Absolument, mais c’est surtout une politique aveugle. Parce que le projet sioniste, à l’origine, était de créer ce qu’ils appelaient un État des Juifs et non pas un Etat juif. Le texte fondateur du sionisme de Herzl était allemand, et son texte a été traduit par Etat juif. Mais Judenstaat signifie en fait l’État des Juifs. Raison pour laquelle durant la période des négociations, des franges importantes du camp de la paix israélien se disaient pour la paix: pas seulement parce que c’était plus juste, mais parce qu’ils souhaitaient garder l’identité juive de l’État. En dévastant le territoire, sachant qu’il y a des millions de Palestiniens sur place qui ne partiront pas contrairement à 1948, ces colons sont en train non seulement de rendre impossible l’idée des deux Etats, mais quelque part de liquider le projet initial. Pourrait germer le rêve tout à fait suicidaire, et certains doivent certainement y penser sans oser le dire, de refaire ce qui a été fait en 1948, à savoir mettre les Palestiniens dehors.

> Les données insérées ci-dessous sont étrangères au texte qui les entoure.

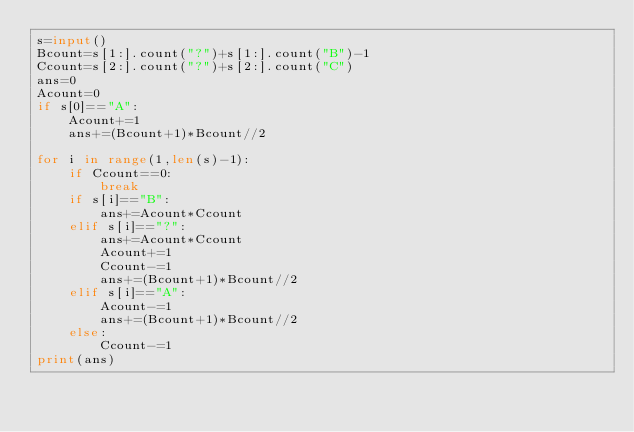<code> <loc_0><loc_0><loc_500><loc_500><_Python_>s=input()
Bcount=s[1:].count("?")+s[1:].count("B")-1
Ccount=s[2:].count("?")+s[2:].count("C")
ans=0
Acount=0
if s[0]=="A":
    Acount+=1
    ans+=(Bcount+1)*Bcount//2

for i in range(1,len(s)-1):
    if Ccount==0:
        break
    if s[i]=="B":
        ans+=Acount*Ccount
    elif s[i]=="?":
        ans+=Acount*Ccount
        Acount+=1
        Ccount-=1
        ans+=(Bcount+1)*Bcount//2
    elif s[i]=="A":
        Acount-=1
        ans+=(Bcount+1)*Bcount//2
    else:
        Ccount-=1
print(ans)
        </code> 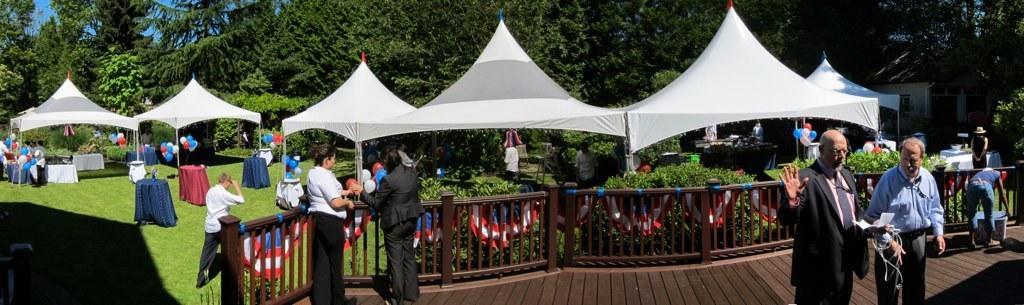Can you describe this image briefly? In this picture there are two women who are standing near to the wooden fencing. On the right there are two man standing on the wooden floor. Here we can see group of persons was standing near the tent. In the back we can see balloons, table, tent, plants and trees. On the top left corner there is a sky. On the bottom left corner we can see grass. 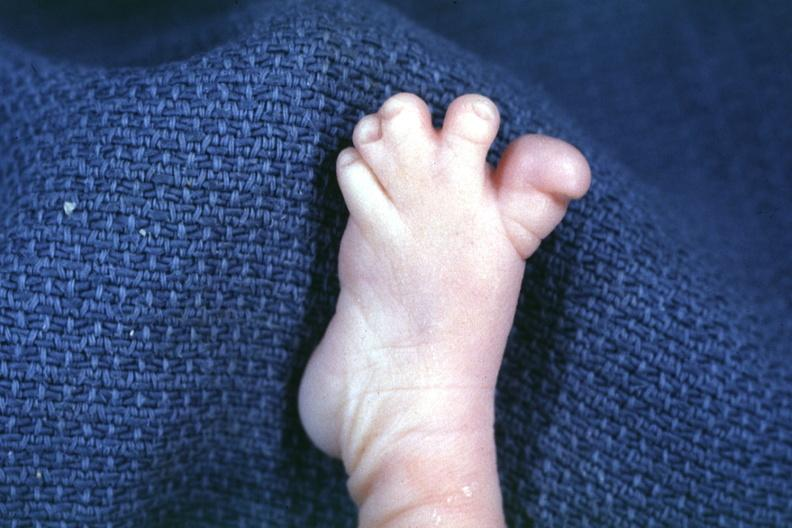what is present?
Answer the question using a single word or phrase. Foot 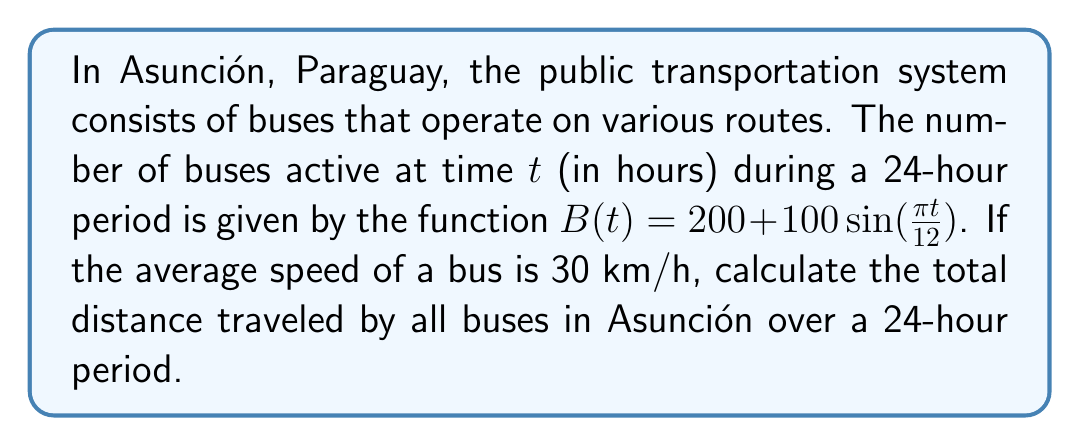What is the answer to this math problem? To solve this problem, we need to follow these steps:

1) The total distance traveled is the integral of the product of the number of buses and their speed over the 24-hour period.

2) Let's define our integral:
   $$\text{Total Distance} = \int_0^{24} 30 \cdot B(t) \, dt$$

3) Substitute the function $B(t)$:
   $$\text{Total Distance} = \int_0^{24} 30 \cdot (200 + 100\sin(\frac{\pi t}{12})) \, dt$$

4) Simplify:
   $$\text{Total Distance} = 30 \int_0^{24} (200 + 100\sin(\frac{\pi t}{12})) \, dt$$

5) Integrate:
   $$\text{Total Distance} = 30 \left[200t - \frac{1200}{\pi}\cos(\frac{\pi t}{12})\right]_0^{24}$$

6) Evaluate the integral:
   $$\text{Total Distance} = 30 \left[(200 \cdot 24 - \frac{1200}{\pi}\cos(2\pi)) - (0 - \frac{1200}{\pi}\cos(0))\right]$$

7) Simplify:
   $$\text{Total Distance} = 30 \left[4800 - \frac{1200}{\pi} + \frac{1200}{\pi}\right] = 30 \cdot 4800 = 144,000$$

Therefore, the total distance traveled by all buses in Asunción over a 24-hour period is 144,000 km.
Answer: 144,000 km 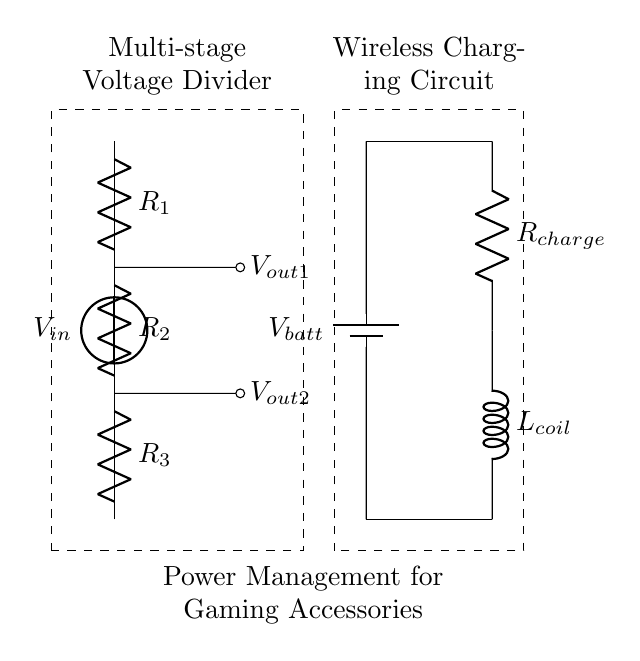What is the input voltage of the circuit? The circuit shows a voltage source labeled \( V_{in} \) at the top, indicating the input voltage is connected from this point.
Answer: \( V_{in} \) What is the total resistance of the voltage divider? The total resistance of a voltage divider can be calculated by adding the resistances of all resistors in series. Here, \( R_1, R_2, \) and \( R_3 \) are connected in series, so \( R_{total} = R_1 + R_2 + R_3 \).
Answer: \( R_1 + R_2 + R_3 \) What are the output voltage points labeled in the circuit? The circuit diagram indicates two output voltages labeled \( V_{out1} \) and \( V_{out2} \). These points are connected across resistors \( R_1 \) and \( R_2 \) respectively.
Answer: \( V_{out1}, V_{out2} \) How does the voltage divider affect the voltage levels for gaming accessories? The voltage divider reduces the input voltage proportionally across the resistors, thereby providing specific, lower voltage levels at each output suitable for powering gaming accessories with varying voltage needs.
Answer: Proportional reduction What role does the inductor named \( L_{coil} \) play in the wireless charging circuit? In wireless charging circuits, the inductor \( L_{coil} \) is used to form a resonant circuit that helps transfer energy wirelessly via electromagnetic induction, facilitating efficient energy transfer from the charger to the gaming accessory.
Answer: Energy transfer

Terminer le travail comme l’aurait affirmé à l’époque Ariel Sharon?
Exactement. Sauf que, et c’est très important, les Palestiniens qui sont partis en 1948, dont mes parents, étaient convaincus de revenir dans une semaine. Or, ceux qui sont restés ont compris que lorsqu’on part, on ne revient plus. Et il n’y aura pas de 48 bis: ils se feront massacrer sur place, mais ils ne partiront pas.

Nous nous trouvons dans le paradoxe incroyable qui est qu’une politique expansionniste est en train d’obtenir le contraire de ce à quoi elle aspire.

Aux yeux d’Israël, l’Iran est une menace que les autorités américaines décrivent comme un sanctuaire des terroristes, qui sont sunnites, or il s’agit d’un Etat chiite, détesté par les premiers…
Les dernières déclarations du Président américain ont isolé les Etats-Unis et pas l’Iran, dans la mesure où la majorité des autres pays qui avaient signé les accords sur le nucléaire, affirment qu’ils ne se retireront pas. La chaise vide est désormais américaine, pas iranienne. Paradoxalement, les Américains ont consolidé l’Iran en agissant de la sorte. Les autorités israéliennes martèlent constamment le fait qu’il existe un danger iranien: mais les militaires israéliens ne tiennent pas le même discours que le gouvernement et n’estiment pas qu’il faut rompre l’accord. Le gouvernement passe son temps à appeler des frappes contre Téhéran. Les militaires se montrent beaucoup plus rationnels dans leur politique que le gouvernement. Par ailleurs, cet appel continu au loup et à l’Iran sert à couvrir le bruit de la colonisation rampante des territoires palestiniens. Mais de façon globale, les développements récents auquel nous assistons sont inquiétants, car motivés par une politique de courte vue: dans le passé, on a vu des conflits se déclencher par petits glissements et soudain basculer en conflit généralisé.

Ce qui m’inquiète, c’est une déclaration conjointe du secrétaire d’État américain, de celui à la Défense et du général Kelly qui fait office de conseiller militaire de Trump, affirmant que d’un glissement à l’autre, on pourrait tout à fait, sans nous en être rendu compte, nous retrouver au milieu d’une Troisième Guerre mondiale. Aujourd’hui, partout et pas seulement en Palestine, nous nous trouvons face à des situations extrêmement volatiles.